> _Task statement_
The records below are to be returned word for word, with pictures left out.

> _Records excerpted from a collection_
- - -

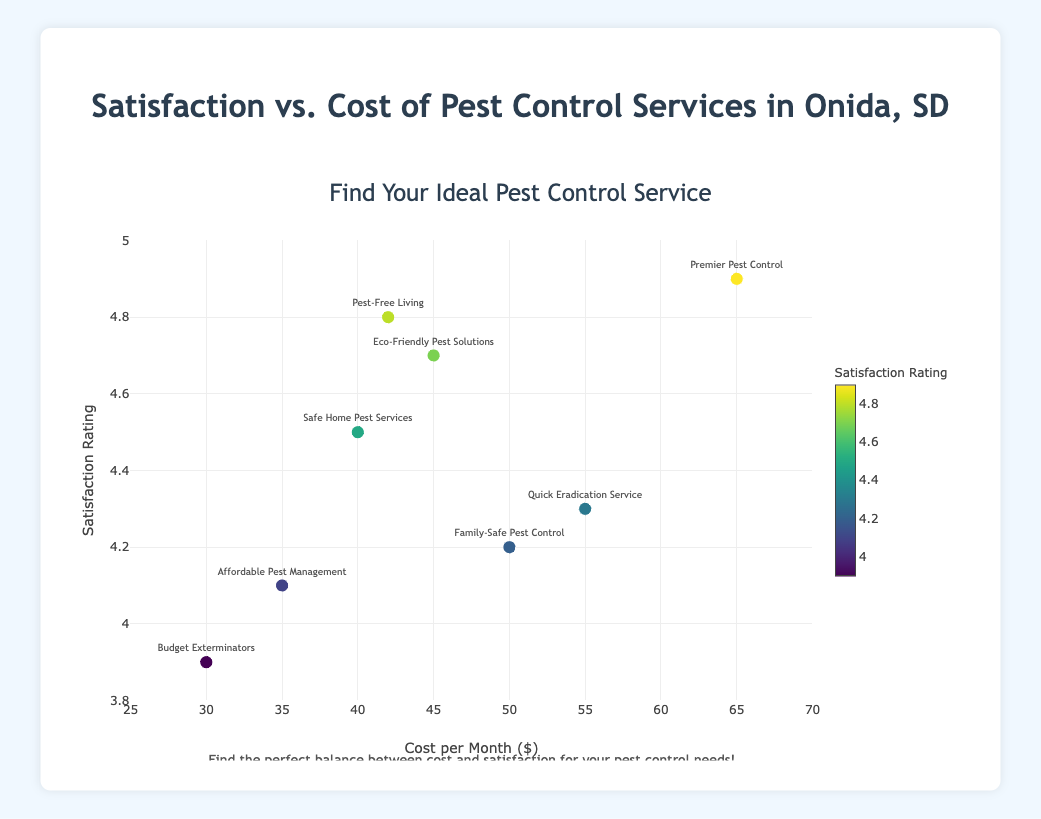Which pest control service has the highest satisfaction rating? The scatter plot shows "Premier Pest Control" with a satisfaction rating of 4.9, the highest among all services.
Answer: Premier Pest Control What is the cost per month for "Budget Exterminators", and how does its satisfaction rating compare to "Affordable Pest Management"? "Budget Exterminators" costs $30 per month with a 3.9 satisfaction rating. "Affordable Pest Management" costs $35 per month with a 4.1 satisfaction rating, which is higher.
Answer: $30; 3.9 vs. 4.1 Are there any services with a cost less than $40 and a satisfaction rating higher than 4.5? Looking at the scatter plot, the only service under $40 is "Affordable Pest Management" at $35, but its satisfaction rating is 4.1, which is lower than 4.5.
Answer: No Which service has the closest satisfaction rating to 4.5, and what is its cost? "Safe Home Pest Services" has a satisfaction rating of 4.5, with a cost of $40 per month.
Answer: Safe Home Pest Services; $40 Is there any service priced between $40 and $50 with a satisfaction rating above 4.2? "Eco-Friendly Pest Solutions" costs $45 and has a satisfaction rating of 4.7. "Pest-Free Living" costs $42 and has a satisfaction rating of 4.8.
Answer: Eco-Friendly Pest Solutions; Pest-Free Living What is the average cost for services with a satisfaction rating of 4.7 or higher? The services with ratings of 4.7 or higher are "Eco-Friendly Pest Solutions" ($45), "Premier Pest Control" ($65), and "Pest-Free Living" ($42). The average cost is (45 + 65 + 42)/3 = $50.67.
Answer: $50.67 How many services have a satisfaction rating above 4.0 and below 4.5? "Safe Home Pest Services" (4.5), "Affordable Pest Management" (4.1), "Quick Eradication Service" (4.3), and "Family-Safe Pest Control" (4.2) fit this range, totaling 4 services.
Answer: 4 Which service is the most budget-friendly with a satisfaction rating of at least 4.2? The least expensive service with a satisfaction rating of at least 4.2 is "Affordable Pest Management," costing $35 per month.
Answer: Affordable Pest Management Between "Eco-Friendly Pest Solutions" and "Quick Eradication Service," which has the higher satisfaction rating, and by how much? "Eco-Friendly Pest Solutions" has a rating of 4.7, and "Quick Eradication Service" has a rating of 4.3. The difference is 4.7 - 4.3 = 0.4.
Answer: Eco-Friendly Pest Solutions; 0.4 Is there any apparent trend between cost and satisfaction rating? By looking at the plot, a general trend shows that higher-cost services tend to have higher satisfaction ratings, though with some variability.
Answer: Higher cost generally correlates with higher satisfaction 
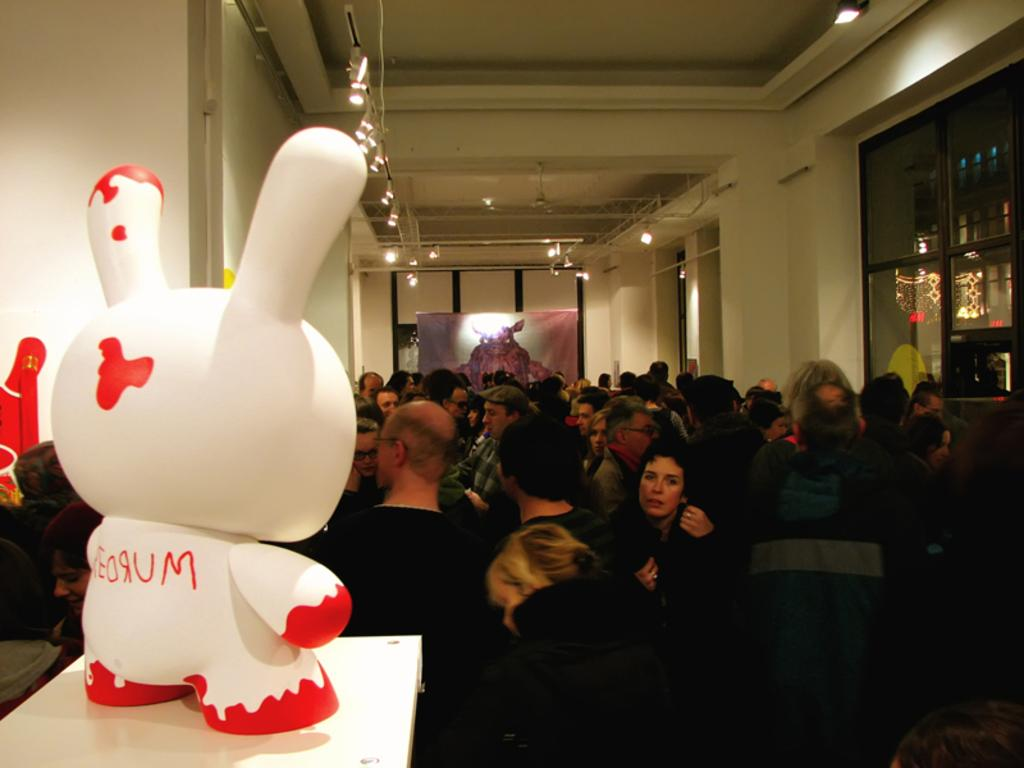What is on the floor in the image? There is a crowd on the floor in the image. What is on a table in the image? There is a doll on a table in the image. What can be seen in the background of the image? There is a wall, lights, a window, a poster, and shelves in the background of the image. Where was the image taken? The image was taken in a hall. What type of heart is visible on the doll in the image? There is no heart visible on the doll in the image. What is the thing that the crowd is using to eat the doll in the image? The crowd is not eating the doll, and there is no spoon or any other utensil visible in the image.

- - -

> _Written answer_
Which pest control service has the highest satisfaction rating? The scatter plot shows "Premier Pest Control" with a satisfaction rating of 4.9, the highest among all services.
Answer: Premier Pest Control What is the cost per month for "Budget Exterminators", and how does its satisfaction rating compare to "Affordable Pest Management"? "Budget Exterminators" costs $30 per month with a 3.9 satisfaction rating. "Affordable Pest Management" costs $35 per month with a 4.1 satisfaction rating, which is higher.
Answer: $30; 3.9 vs. 4.1 Are there any services with a cost less than $40 and a satisfaction rating higher than 4.5? Looking at the scatter plot, the only service under $40 is "Affordable Pest Management" at $35, but its satisfaction rating is 4.1, which is lower than 4.5.
Answer: No Which service has the closest satisfaction rating to 4.5, and what is its cost? "Safe Home Pest Services" has a satisfaction rating of 4.5, with a cost of $40 per month.
Answer: Safe Home Pest Services; $40 Is there any service priced between $40 and $50 with a satisfaction rating above 4.2? "Eco-Friendly Pest Solutions" costs $45 and has a satisfaction rating of 4.7. "Pest-Free Living" costs $42 and has a satisfaction rating of 4.8.
Answer: Eco-Friendly Pest Solutions; Pest-Free Living What is the average cost for services with a satisfaction rating of 4.7 or higher? The services with ratings of 4.7 or higher are "Eco-Friendly Pest Solutions" ($45), "Premier Pest Control" ($65), and "Pest-Free Living" ($42). The average cost is (45 + 65 + 42)/3 = $50.67.
Answer: $50.67 How many services have a satisfaction rating above 4.0 and below 4.5? "Safe Home Pest Services" (4.5), "Affordable Pest Management" (4.1), "Quick Eradication Service" (4.3), and "Family-Safe Pest Control" (4.2) fit this range, totaling 4 services.
Answer: 4 Which service is the most budget-friendly with a satisfaction rating of at least 4.2? The least expensive service with a satisfaction rating of at least 4.2 is "Affordable Pest Management," costing $35 per month.
Answer: Affordable Pest Management Between "Eco-Friendly Pest Solutions" and "Quick Eradication Service," which has the higher satisfaction rating, and by how much? "Eco-Friendly Pest Solutions" has a rating of 4.7, and "Quick Eradication Service" has a rating of 4.3. The difference is 4.7 - 4.3 = 0.4.
Answer: Eco-Friendly Pest Solutions; 0.4 Is there any apparent trend between cost and satisfaction rating? By looking at the plot, a general trend shows that higher-cost services tend to have higher satisfaction ratings, though with some variability.
Answer: Higher cost generally correlates with higher satisfaction 
What is on the floor in the image? There is a crowd on the floor in the image. What is on a table in the image? There is a doll on a table in the image. What can be seen in the background of the image? There is a wall, lights, a window, a poster, and shelves in the background of the image. Where was the image taken? The image was taken in a hall. What type of heart is visible on the doll in the image? There is no heart visible on the doll in the image. What is the thing that the crowd is using to eat the doll in the image? The crowd is not eating the doll, and there is no spoon or any other utensil visible in the image.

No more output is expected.